Required work: Every line from the one with "Task: Locate the" to the end of the listing below must be printed exactly, with no other text and no pictures.

The data:
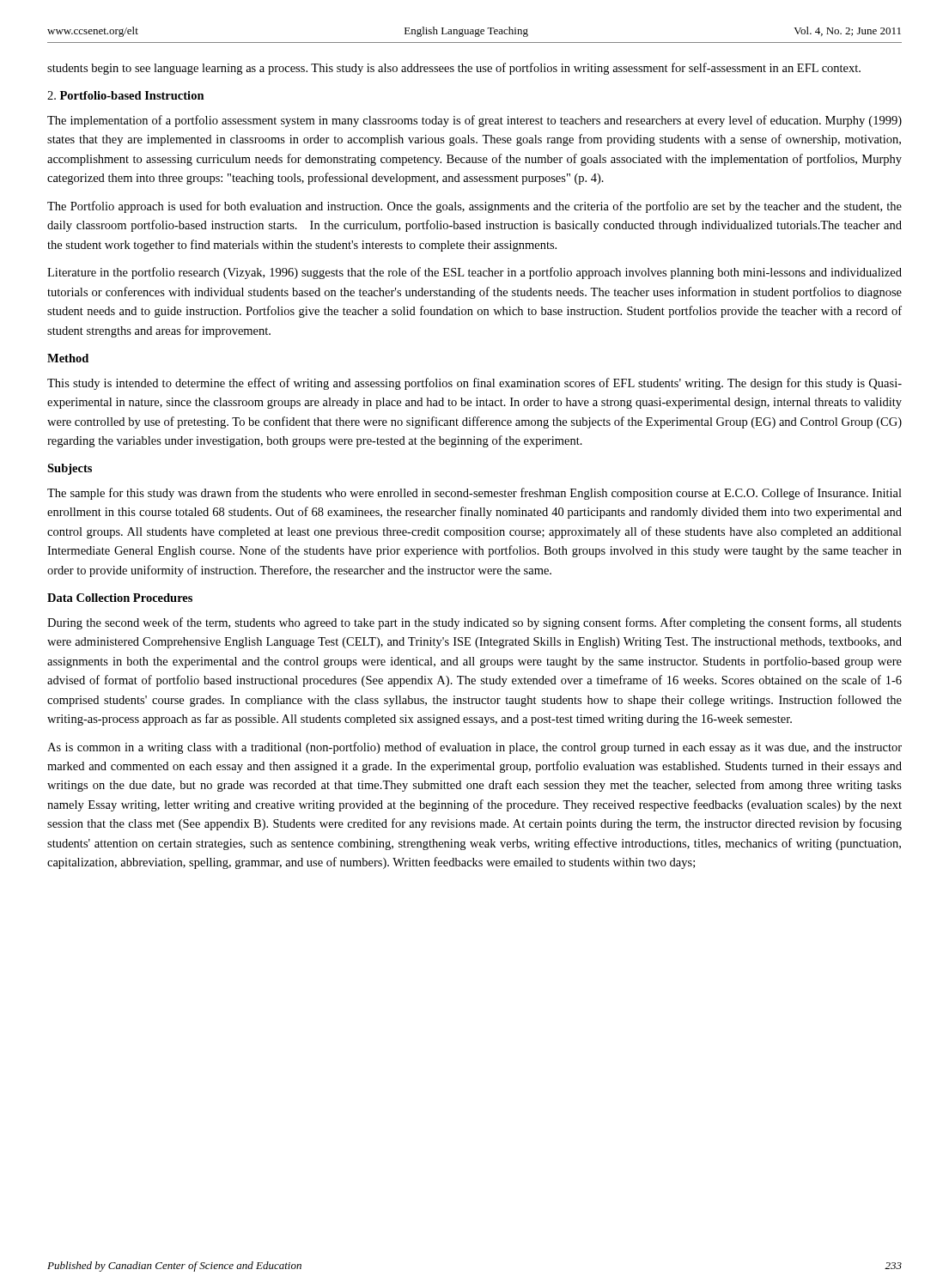Click on the text block containing "As is common in"
The height and width of the screenshot is (1288, 949).
[474, 805]
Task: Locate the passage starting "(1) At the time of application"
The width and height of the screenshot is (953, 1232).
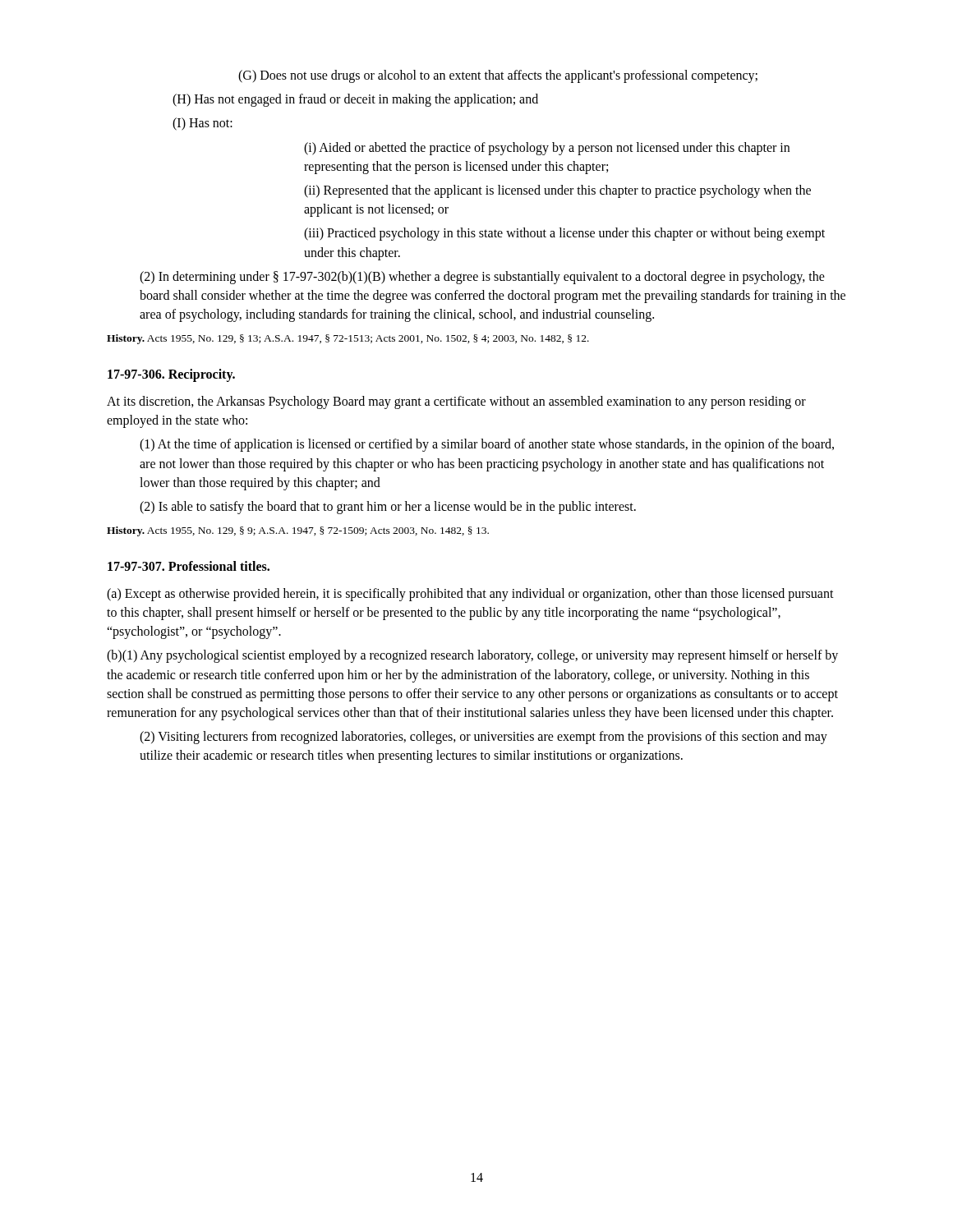Action: click(493, 463)
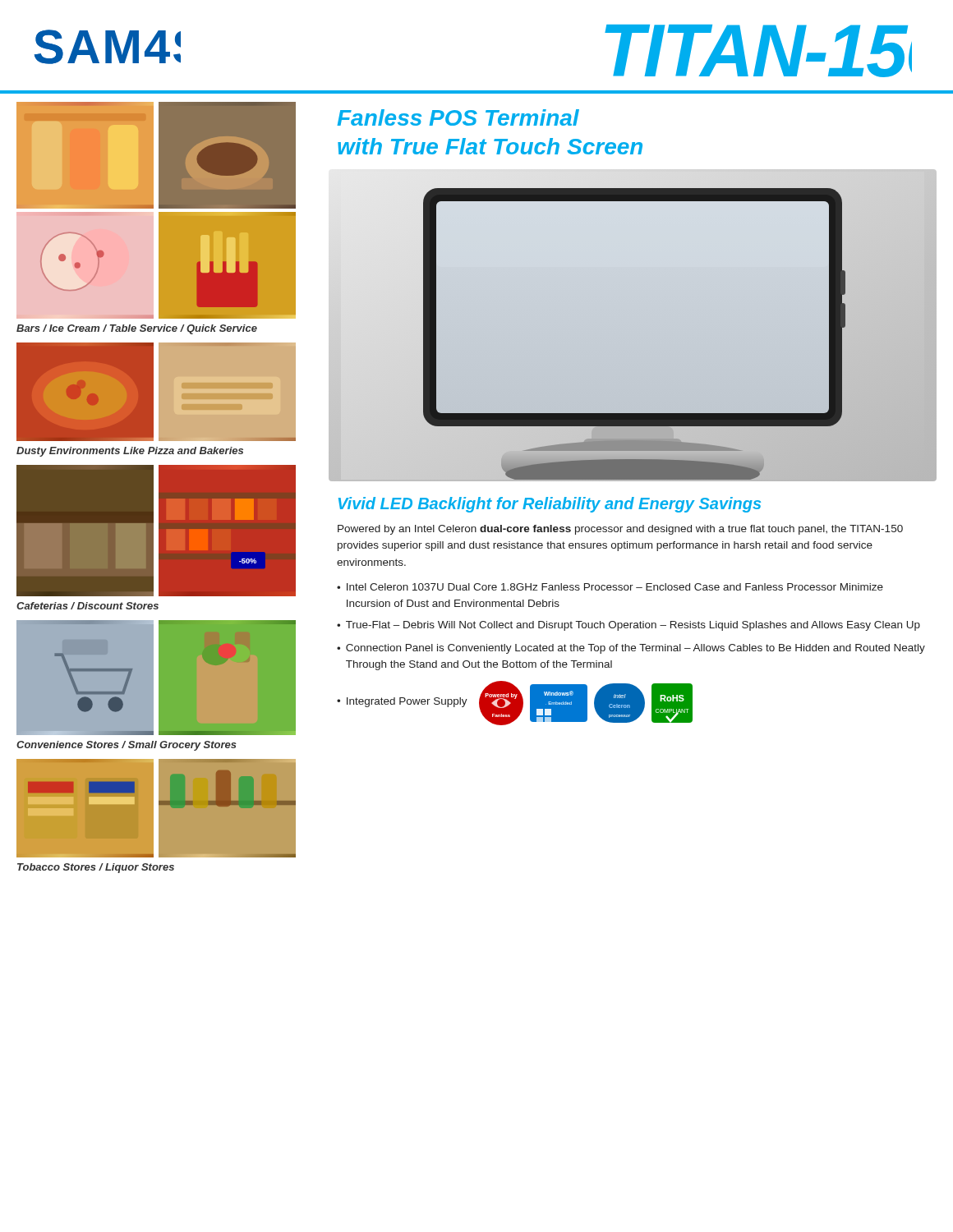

Exercise response:
Task: Locate the passage starting "(1) At the time of application"
The width and height of the screenshot is (953, 1232).
Action: click(493, 463)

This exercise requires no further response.